[TASK TO COMPLETE]
Copy out each line from the material where the word "pitch" is found.

[EXERCISE MATERIALS]
____________________
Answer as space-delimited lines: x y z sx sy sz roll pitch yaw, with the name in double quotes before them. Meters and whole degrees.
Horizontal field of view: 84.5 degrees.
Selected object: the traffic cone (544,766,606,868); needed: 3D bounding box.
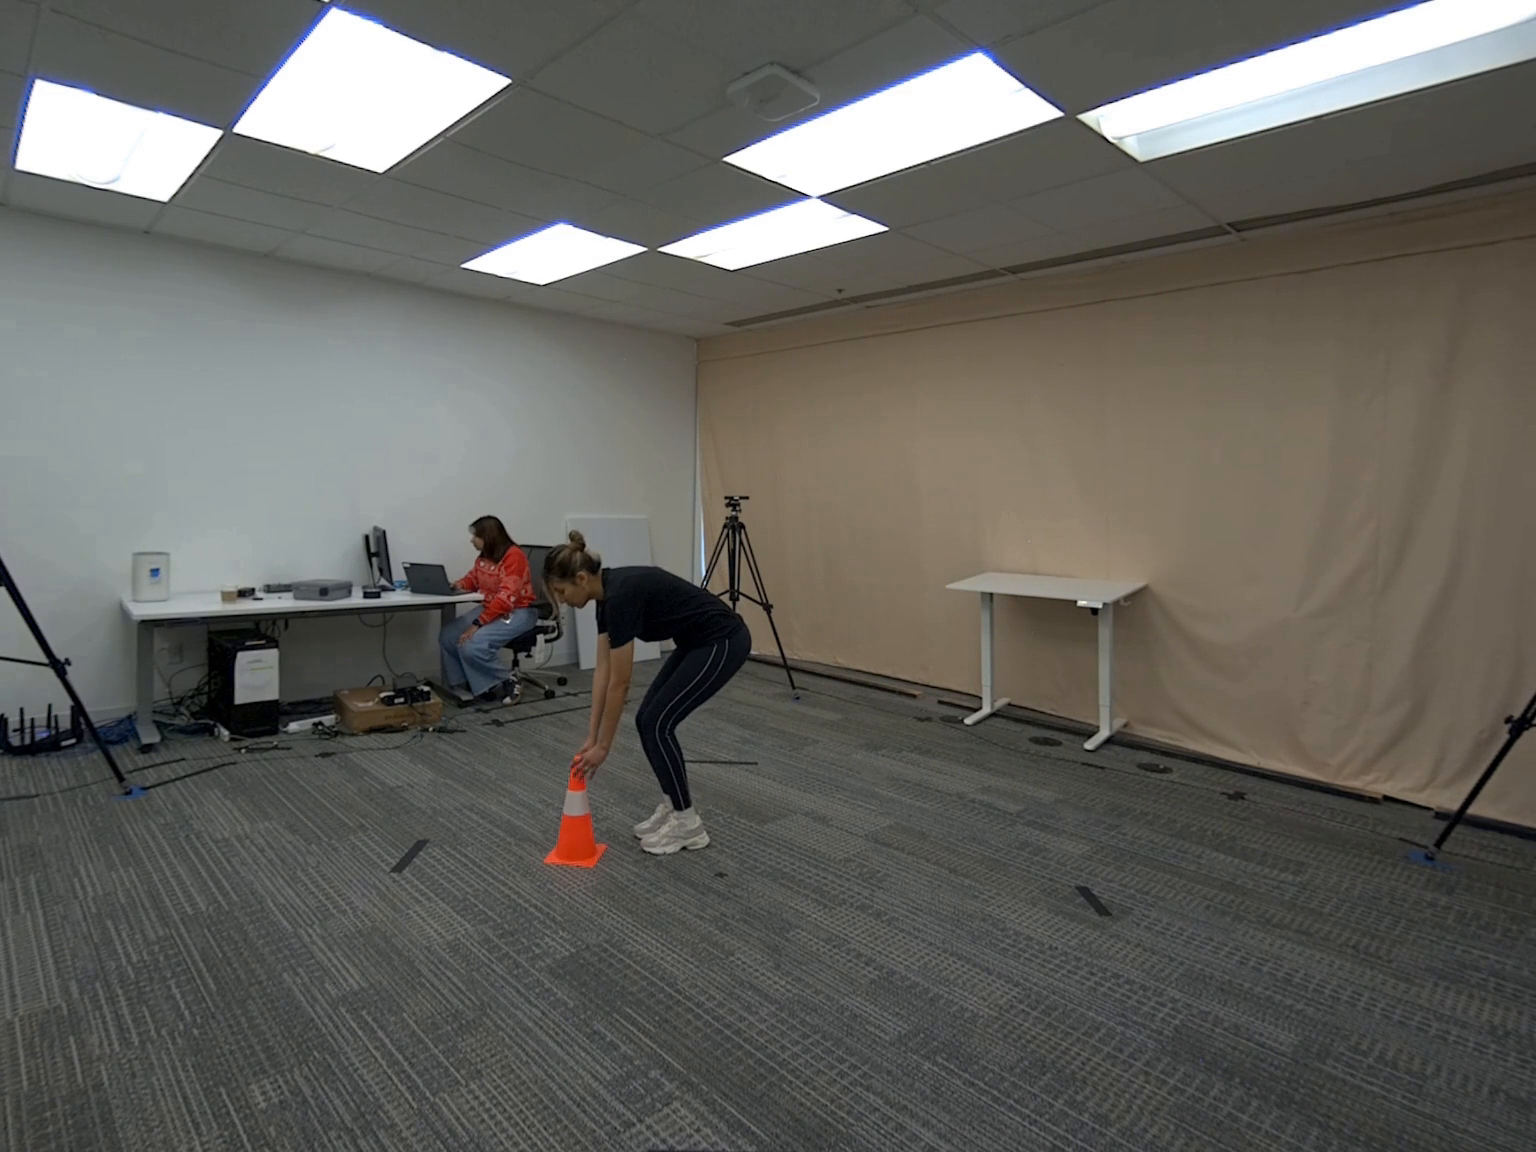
____________________
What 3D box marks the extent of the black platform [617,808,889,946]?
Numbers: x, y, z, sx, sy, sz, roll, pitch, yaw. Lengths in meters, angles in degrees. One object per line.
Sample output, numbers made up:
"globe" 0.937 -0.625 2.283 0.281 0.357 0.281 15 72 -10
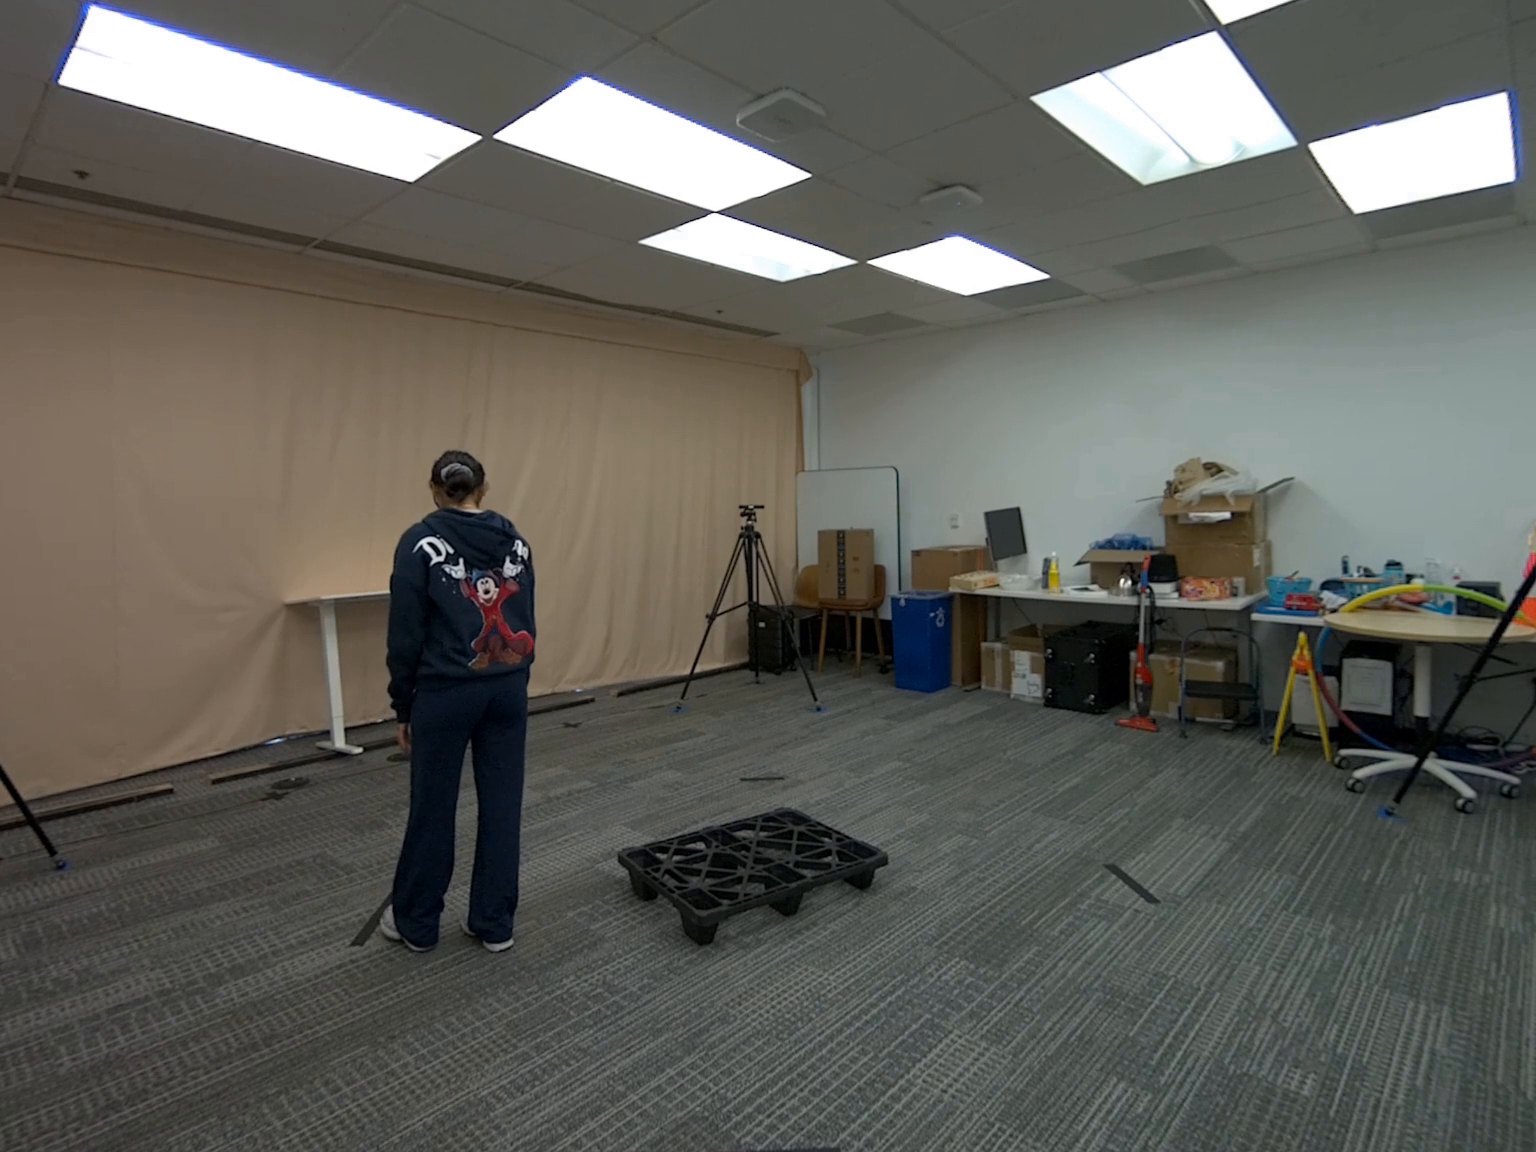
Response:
____________________
[ANSWER FOR THE TASK]
Answer as space-delimited lines: x y z sx sy sz roll pitch yaw, with the name in double quotes before them. Meters and whole degrees.
Numbers: x, y, z, sx, sy, sz, roll, pitch, yaw. Lengths in meters, angles in degrees. One object per line.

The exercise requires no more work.